1. Pandas is built on top of NumPy and introduces two main data structures: Series and DataFrame.
2. A Series is a one-dimensional labeled array that can hold any data type. It is similar to a column in a spreadsheet or a database table.
3. A DataFrame is a two-dimensional labeled data structure with columns of potentially different types. It represents a tabular data structure, similar to a spreadsheet or a SQL table.
4. Pandas provides functions to read data from various file formats such as CSV, Excel, SQL databases, and more.
5. It allows for easy indexing, slicing, and filtering of data using intuitive syntax and powerful querying capabilities.

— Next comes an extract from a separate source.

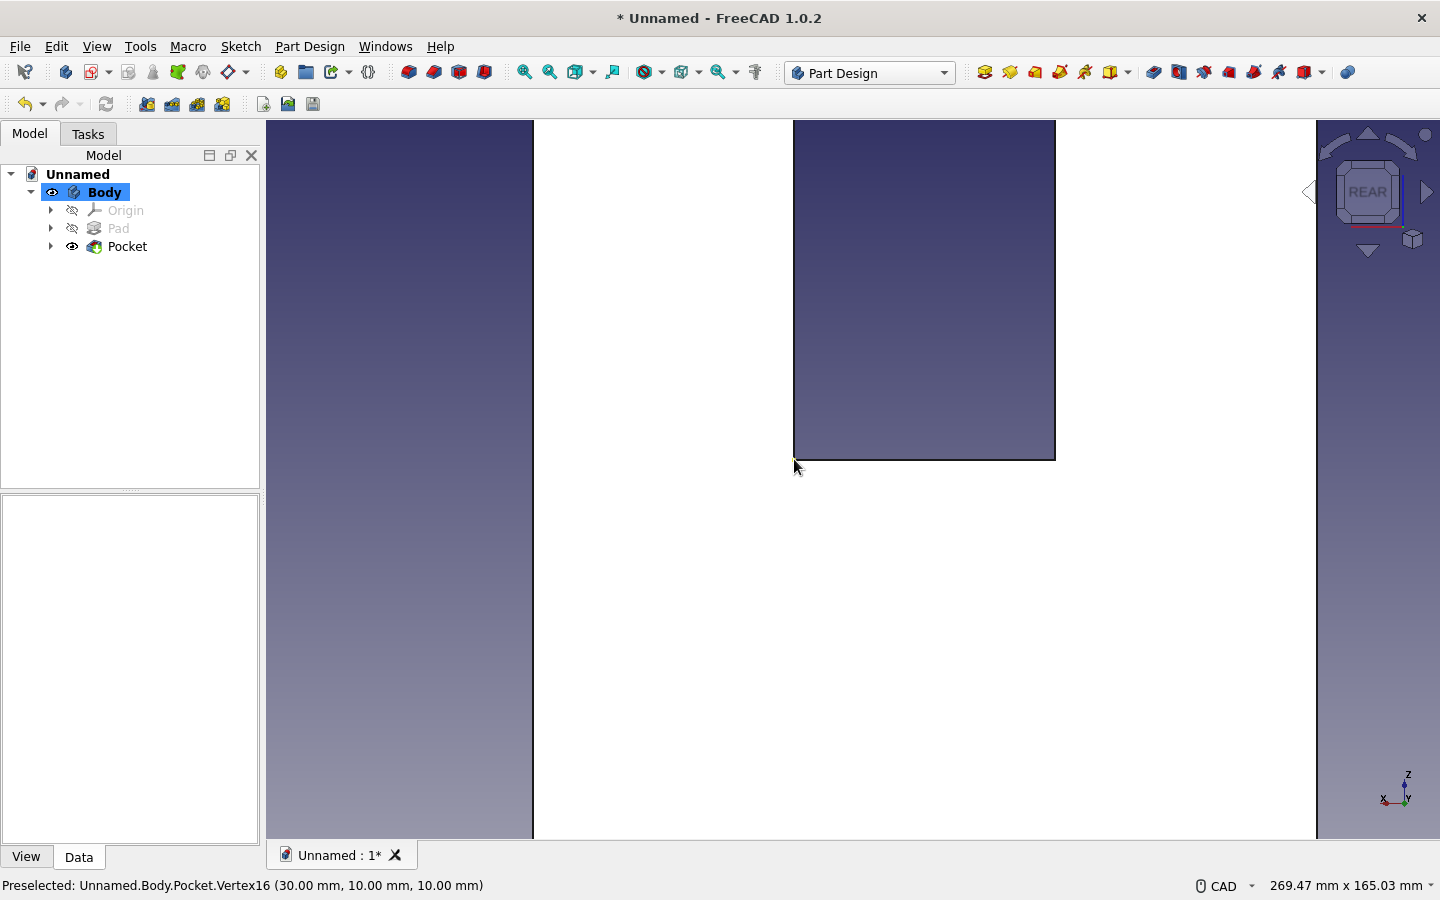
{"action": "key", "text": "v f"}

6. Pandas supports handling missing data through techniques like data imputation or dropping missing values.
7. It provides functionality for data alignment, merging, and joining of multiple datasets based on common columns or indices.
8. Pandas offers a wide range of statistical and mathematical functions for data aggregation, summarization, and analysis.
9. Visualization of data is made easy with Pandas, as it integrates well with other libraries like Matplotlib and Seaborn.
10. Pandas is widely used in data analysis, data preprocessing, feature engineering, and exploratory data analysis tasks, making it an essential tool in the data science ecosystem.

Pandas simplifies working with structured data, making it a popular choice for data manipulation and analysis tasks in Python.